SmartPlate data loading utilities.

This module provides stub functions for loading and preparing data for each
of the three AI blocks. Actual implementation happens in the training notebooks;
these stubs define the interface used by the pipeline.
"""

from __future__ import annotations

import os
from pathlib import Path
from typing import Optional


def download_food101_subset(
    classes: list[str],
    output_dir: str,
    split: str = "train",
    max_samples_per_class: Optional[int] = None,
) -> dict[str, list[str]]:
    """Download a subset of the Food-101 dataset from HuggingFace Datasets.
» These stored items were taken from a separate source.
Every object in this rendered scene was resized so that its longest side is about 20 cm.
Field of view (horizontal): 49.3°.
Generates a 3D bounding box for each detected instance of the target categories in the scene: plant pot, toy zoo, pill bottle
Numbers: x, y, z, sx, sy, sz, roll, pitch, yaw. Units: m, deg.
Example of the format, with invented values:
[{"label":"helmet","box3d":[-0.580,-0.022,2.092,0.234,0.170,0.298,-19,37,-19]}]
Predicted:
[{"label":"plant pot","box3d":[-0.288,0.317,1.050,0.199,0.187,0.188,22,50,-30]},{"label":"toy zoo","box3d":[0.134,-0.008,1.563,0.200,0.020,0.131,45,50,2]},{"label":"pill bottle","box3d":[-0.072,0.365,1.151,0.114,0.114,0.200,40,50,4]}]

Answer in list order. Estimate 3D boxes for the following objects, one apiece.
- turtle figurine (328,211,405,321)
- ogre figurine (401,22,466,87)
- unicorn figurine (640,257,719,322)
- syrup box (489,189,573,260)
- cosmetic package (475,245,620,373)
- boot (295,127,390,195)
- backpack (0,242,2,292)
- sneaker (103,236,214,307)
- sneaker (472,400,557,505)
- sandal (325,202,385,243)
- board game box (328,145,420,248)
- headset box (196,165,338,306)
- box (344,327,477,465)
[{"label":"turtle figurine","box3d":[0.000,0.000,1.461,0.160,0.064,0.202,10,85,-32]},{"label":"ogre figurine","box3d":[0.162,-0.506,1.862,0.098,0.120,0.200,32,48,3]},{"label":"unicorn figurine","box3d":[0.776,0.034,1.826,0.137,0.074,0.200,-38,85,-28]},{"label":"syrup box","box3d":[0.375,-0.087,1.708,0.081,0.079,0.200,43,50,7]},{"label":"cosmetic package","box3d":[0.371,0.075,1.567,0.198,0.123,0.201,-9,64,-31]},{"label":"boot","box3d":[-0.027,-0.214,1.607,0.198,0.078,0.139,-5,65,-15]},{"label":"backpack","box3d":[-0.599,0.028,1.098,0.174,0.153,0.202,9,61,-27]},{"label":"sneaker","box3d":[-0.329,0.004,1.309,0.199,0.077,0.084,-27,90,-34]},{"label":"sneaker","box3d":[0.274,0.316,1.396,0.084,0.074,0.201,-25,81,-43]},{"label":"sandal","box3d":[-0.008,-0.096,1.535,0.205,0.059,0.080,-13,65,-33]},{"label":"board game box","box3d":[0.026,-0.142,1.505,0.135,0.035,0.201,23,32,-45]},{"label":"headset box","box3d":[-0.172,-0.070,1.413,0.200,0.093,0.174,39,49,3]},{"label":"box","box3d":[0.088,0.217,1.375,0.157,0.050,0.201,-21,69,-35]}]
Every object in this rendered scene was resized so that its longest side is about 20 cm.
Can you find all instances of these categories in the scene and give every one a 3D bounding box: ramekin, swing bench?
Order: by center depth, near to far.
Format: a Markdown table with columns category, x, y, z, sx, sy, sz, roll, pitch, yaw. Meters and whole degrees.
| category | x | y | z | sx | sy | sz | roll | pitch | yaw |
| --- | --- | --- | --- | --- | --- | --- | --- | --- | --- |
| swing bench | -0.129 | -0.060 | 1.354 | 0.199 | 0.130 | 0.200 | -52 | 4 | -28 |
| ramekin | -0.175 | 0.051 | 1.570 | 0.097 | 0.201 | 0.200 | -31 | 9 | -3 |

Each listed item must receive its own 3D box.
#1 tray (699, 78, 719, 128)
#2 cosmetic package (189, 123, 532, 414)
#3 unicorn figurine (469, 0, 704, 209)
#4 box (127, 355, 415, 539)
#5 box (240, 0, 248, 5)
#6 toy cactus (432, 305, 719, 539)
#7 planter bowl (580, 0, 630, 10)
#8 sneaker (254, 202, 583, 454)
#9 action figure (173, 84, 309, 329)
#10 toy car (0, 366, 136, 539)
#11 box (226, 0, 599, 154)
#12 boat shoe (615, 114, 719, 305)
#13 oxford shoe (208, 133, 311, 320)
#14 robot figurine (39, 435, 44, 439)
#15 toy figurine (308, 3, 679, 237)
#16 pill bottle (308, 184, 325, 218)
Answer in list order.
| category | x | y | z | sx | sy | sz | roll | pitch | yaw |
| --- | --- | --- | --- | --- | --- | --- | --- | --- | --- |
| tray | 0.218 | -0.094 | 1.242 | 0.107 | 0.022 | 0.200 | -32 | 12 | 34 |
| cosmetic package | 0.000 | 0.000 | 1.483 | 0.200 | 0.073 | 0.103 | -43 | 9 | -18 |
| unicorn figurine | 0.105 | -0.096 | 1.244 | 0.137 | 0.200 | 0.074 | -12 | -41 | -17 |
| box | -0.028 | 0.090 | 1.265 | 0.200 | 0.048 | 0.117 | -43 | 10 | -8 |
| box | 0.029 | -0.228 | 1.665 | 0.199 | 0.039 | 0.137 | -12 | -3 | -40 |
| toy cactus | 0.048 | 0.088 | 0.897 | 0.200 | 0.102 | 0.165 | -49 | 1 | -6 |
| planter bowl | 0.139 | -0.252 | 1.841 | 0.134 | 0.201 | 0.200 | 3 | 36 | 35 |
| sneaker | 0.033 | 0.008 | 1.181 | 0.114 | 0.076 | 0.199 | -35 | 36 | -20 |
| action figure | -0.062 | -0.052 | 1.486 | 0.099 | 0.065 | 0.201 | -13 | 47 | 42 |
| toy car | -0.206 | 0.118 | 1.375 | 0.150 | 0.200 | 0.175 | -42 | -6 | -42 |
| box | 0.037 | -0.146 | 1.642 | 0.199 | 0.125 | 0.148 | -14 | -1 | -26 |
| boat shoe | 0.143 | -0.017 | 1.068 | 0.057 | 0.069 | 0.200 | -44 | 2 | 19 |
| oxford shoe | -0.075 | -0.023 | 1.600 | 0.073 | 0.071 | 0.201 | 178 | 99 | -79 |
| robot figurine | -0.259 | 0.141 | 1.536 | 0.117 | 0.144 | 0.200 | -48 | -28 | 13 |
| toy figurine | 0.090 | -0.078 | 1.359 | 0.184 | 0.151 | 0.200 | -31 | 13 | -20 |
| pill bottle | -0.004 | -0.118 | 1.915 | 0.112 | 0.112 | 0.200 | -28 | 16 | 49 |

    Pulls only the specified classes from Food-101, optionally capping the
    number of samples per class. Images are saved to ``output_dir`` under
    class-named subdirectories (e.g. ``output_dir/pizza/image001.jpg``).

    Args:
        classes: List of Food-101 class names to include.
            Must be valid Food-101 labels (lowercase, underscores for spaces),
            e.g. ``["pizza", "sushi", "caesar_salad"]``.
        output_dir: Root directory where images will be saved.
            Will be created if it does not exist.
        split: Dataset split to download — ``"train"``, ``"validation"``, or
            ``"test"``. Defaults to ``"train"``.
        max_samples_per_class: If set, cap the number of images per class.
            Useful for quick experiments. ``None`` means no cap (all images).

    Returns:
        A dict mapping each class name to a list of absolute file paths of
        the downloaded images, e.g.::

            {
                "pizza": ["/data/raw/pizza/img_001.jpg", ...],
                "sushi": ["/data/raw/sushi/img_001.jpg", ...],
            }

    Raises:
        ValueError: If any class name is not a valid Food-101 label.
        OSError: If ``output_dir`` cannot be created.

    Example:
        >>> paths = download_food101_subset(
        ...     classes=["pizza", "sushi", "salad"],
        ...     output_dir="data/raw/food101",
        ...     split="train",
        ...     max_samples_per_class=100,
        ... )
        >>> len(paths["pizza"])
        100
    """
    # TODO: Implement in notebook 01_eda_food101.ipynb, then port here.
    # Suggested implementation:
    #   from datasets import load_dataset
    #   ds = load_dataset("food101", split=split)
    #   ds_subset = ds.filter(lambda x: x["label"] in class_indices)
    raise NotImplementedError("Implement in notebook 02_train_vit_cv.ipynb first.")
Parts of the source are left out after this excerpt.